■ **Collected data entries**

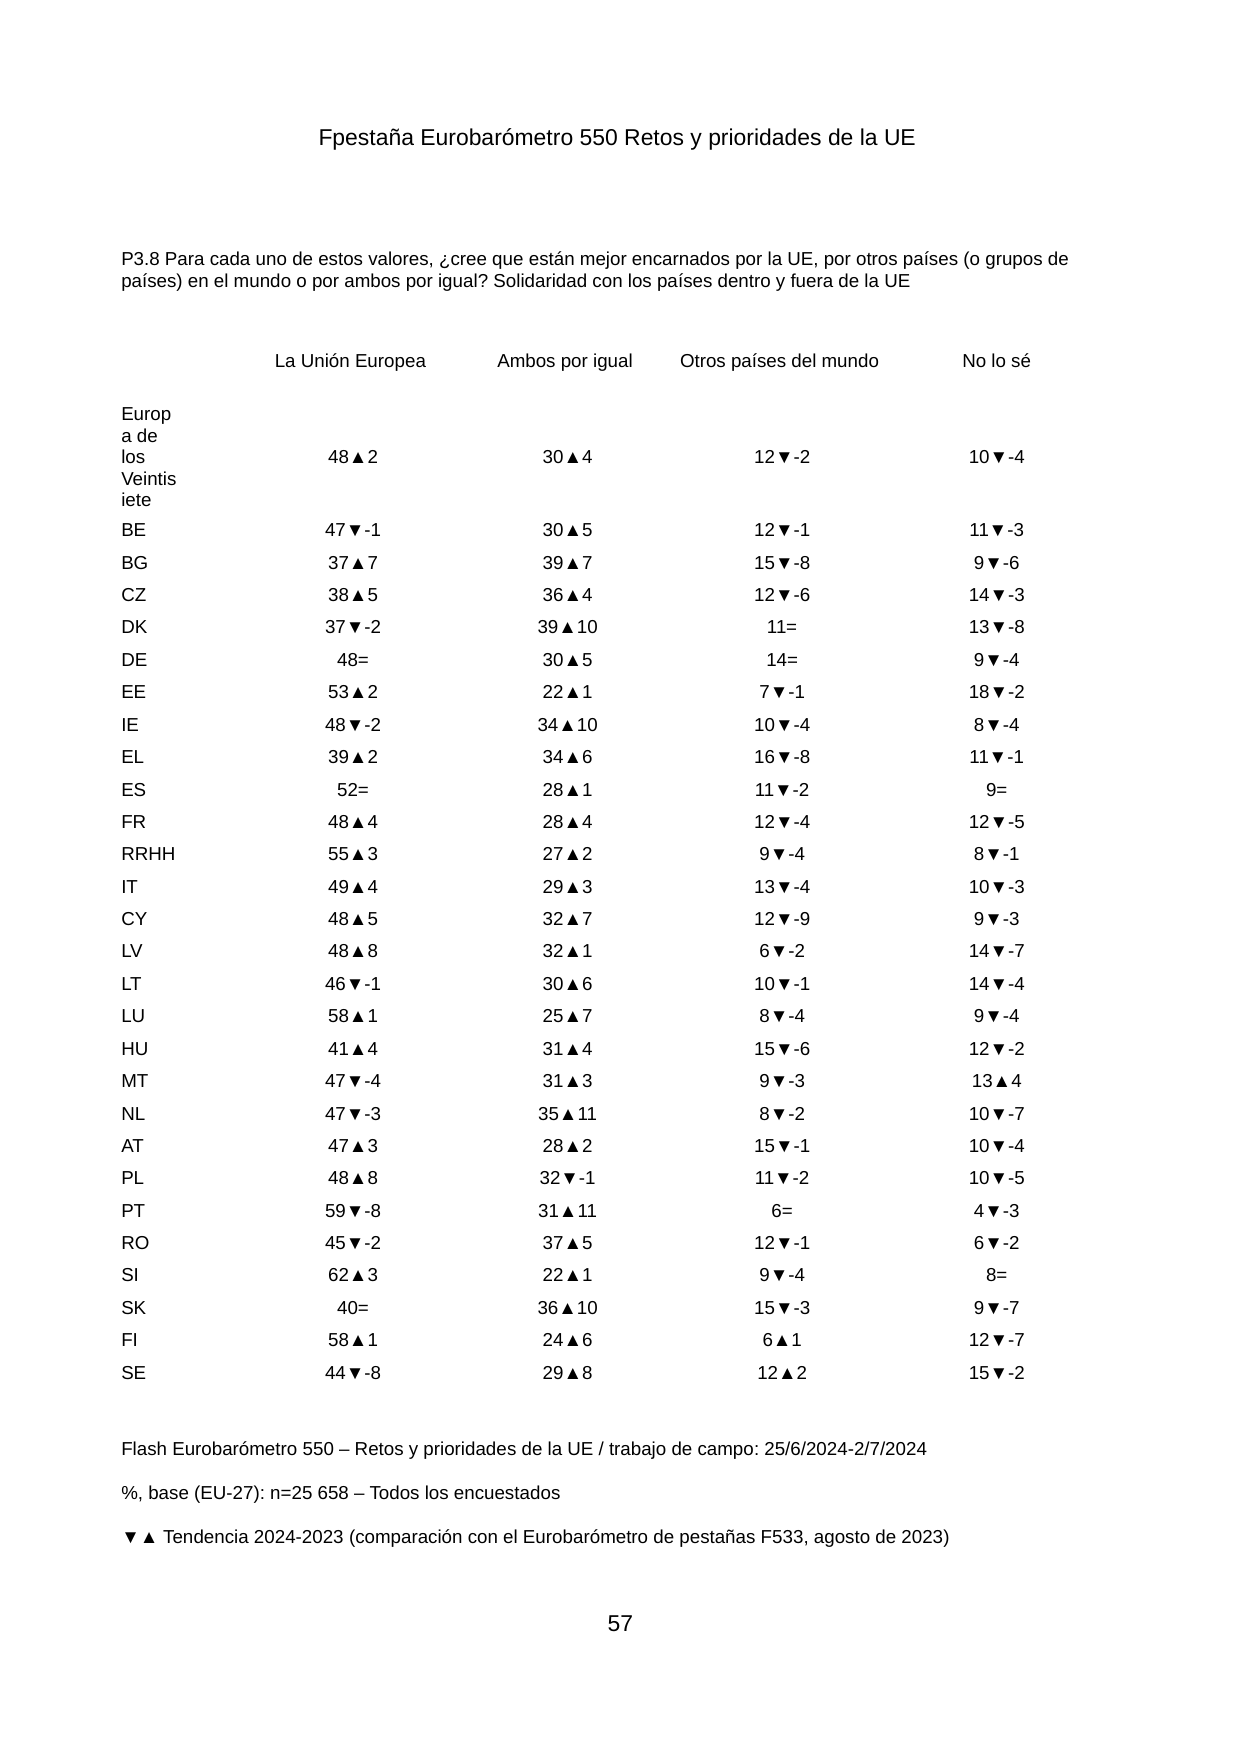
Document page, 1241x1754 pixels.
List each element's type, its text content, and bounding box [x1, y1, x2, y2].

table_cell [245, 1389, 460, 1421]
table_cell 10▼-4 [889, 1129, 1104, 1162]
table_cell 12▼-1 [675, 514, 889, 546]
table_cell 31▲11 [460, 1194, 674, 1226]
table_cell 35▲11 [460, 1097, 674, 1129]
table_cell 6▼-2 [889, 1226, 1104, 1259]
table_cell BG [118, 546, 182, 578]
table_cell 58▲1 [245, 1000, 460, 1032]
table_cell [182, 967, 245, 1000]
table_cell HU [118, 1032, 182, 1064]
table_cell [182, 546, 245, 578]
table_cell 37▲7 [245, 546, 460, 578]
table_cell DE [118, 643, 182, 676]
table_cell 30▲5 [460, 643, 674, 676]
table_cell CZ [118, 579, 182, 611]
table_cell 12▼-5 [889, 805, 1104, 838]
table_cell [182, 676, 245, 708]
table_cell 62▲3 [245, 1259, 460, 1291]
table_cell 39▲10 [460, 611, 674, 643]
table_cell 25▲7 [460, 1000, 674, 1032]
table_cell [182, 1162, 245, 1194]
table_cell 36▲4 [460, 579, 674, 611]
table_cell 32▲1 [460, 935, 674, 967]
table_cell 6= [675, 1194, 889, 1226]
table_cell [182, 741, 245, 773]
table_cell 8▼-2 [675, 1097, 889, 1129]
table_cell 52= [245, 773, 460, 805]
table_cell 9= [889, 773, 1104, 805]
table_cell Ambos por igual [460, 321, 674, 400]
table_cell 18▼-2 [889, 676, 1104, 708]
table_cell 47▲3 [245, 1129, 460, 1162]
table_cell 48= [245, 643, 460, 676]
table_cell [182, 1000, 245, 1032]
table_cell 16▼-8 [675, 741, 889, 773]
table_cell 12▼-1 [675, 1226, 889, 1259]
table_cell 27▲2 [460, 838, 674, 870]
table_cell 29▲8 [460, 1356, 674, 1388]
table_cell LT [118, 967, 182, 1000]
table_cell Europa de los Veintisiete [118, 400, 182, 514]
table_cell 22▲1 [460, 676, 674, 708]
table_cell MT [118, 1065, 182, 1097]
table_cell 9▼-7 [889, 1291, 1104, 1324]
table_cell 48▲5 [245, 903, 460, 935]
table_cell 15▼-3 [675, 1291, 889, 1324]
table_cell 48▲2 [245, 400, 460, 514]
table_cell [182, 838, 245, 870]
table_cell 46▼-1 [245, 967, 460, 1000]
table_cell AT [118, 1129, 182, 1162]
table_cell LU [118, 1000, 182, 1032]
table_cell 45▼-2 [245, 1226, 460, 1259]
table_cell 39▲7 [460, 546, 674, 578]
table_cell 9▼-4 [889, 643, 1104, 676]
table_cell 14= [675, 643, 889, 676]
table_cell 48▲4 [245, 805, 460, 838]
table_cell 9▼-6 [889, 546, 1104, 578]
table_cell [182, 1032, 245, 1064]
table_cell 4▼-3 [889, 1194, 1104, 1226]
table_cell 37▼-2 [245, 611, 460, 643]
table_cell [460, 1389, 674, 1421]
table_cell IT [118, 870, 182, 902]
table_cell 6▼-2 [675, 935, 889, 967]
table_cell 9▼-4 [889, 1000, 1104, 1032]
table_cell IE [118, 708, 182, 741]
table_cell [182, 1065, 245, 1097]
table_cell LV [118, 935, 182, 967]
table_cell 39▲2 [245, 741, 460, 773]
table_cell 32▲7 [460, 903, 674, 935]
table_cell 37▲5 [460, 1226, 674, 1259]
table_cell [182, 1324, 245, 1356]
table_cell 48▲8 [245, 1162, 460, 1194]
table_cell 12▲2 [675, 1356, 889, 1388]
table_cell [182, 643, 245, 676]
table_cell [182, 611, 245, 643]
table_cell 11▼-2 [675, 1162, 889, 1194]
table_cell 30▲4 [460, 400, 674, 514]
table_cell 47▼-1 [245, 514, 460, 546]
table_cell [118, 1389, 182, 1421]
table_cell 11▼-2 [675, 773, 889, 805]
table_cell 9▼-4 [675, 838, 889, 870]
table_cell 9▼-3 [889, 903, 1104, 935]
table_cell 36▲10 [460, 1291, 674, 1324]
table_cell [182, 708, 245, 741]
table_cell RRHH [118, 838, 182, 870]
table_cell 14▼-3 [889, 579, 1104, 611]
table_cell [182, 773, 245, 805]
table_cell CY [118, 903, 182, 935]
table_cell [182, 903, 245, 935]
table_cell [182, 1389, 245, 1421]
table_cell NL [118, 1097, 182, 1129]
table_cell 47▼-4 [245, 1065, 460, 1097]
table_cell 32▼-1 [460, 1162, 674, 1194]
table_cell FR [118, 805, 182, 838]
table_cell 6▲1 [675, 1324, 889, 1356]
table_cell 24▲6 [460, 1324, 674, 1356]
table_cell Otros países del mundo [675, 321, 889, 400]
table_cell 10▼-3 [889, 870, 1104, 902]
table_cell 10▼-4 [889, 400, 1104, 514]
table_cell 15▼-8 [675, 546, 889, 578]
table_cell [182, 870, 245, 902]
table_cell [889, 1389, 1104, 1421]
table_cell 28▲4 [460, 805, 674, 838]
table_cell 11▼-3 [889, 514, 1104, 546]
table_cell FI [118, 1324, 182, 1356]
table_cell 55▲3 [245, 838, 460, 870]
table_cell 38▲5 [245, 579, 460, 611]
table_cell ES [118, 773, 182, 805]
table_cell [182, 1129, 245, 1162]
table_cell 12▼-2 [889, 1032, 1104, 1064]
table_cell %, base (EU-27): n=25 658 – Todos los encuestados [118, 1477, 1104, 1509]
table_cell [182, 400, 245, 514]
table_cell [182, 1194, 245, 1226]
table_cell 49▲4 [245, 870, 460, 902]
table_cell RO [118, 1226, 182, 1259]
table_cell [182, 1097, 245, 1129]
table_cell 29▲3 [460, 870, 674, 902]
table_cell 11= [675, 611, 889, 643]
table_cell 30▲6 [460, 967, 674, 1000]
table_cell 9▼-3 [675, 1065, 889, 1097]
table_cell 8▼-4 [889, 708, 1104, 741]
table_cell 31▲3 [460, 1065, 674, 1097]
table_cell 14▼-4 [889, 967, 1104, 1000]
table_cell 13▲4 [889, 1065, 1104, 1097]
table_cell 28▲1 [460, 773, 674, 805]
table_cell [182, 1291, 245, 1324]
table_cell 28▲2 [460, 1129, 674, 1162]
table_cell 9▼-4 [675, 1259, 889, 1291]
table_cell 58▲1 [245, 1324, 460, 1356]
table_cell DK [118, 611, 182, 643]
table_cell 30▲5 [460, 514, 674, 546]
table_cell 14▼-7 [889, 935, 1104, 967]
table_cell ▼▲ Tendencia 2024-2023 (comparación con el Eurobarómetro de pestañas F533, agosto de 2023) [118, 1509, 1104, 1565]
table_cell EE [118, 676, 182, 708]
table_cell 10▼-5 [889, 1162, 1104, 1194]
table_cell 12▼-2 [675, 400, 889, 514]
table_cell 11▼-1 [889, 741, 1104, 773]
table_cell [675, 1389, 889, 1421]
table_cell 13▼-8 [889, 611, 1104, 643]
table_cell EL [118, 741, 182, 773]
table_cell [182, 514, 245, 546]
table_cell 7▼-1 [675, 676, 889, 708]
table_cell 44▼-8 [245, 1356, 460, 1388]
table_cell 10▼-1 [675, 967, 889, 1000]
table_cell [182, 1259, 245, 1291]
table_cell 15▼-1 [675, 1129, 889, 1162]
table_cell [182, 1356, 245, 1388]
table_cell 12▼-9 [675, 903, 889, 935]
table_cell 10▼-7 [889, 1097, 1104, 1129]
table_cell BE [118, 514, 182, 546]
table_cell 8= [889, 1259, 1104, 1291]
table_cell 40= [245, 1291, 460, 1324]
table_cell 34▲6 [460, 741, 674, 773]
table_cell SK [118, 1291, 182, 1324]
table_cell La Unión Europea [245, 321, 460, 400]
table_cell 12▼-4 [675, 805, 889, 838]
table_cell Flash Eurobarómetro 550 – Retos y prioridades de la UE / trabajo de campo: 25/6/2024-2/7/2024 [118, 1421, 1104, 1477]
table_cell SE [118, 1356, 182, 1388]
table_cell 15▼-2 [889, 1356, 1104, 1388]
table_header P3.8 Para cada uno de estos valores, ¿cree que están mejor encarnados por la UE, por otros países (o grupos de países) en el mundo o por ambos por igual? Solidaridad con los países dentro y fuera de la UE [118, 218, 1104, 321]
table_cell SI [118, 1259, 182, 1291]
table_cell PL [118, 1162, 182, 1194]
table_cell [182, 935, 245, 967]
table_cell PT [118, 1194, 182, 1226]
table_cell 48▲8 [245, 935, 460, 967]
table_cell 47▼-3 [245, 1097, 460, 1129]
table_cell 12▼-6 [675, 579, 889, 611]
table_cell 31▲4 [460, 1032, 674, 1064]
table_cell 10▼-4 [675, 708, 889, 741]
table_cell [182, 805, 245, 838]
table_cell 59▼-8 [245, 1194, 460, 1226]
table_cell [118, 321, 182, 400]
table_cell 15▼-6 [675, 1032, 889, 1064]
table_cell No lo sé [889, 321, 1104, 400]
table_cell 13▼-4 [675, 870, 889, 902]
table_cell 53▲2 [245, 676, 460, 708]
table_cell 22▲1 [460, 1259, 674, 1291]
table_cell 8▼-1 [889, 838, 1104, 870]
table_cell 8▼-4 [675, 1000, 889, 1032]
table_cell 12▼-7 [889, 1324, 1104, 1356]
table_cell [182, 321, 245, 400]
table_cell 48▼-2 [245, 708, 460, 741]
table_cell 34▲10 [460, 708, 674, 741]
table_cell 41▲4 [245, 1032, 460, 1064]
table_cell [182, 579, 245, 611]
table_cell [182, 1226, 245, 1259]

■ **Problem details**
All of the lines above that carry the string "países" need to be found and copied.

■ **Task solution**
table_cell Otros países del mundo [675, 321, 889, 400]
table_header P3.8 Para cada uno de estos valores, ¿cree que están mejor encarnados por la UE, por otros países (o grupos de países) en el mundo o por ambos por igual? Solidaridad con los países dentro y fuera de la UE [118, 218, 1104, 321]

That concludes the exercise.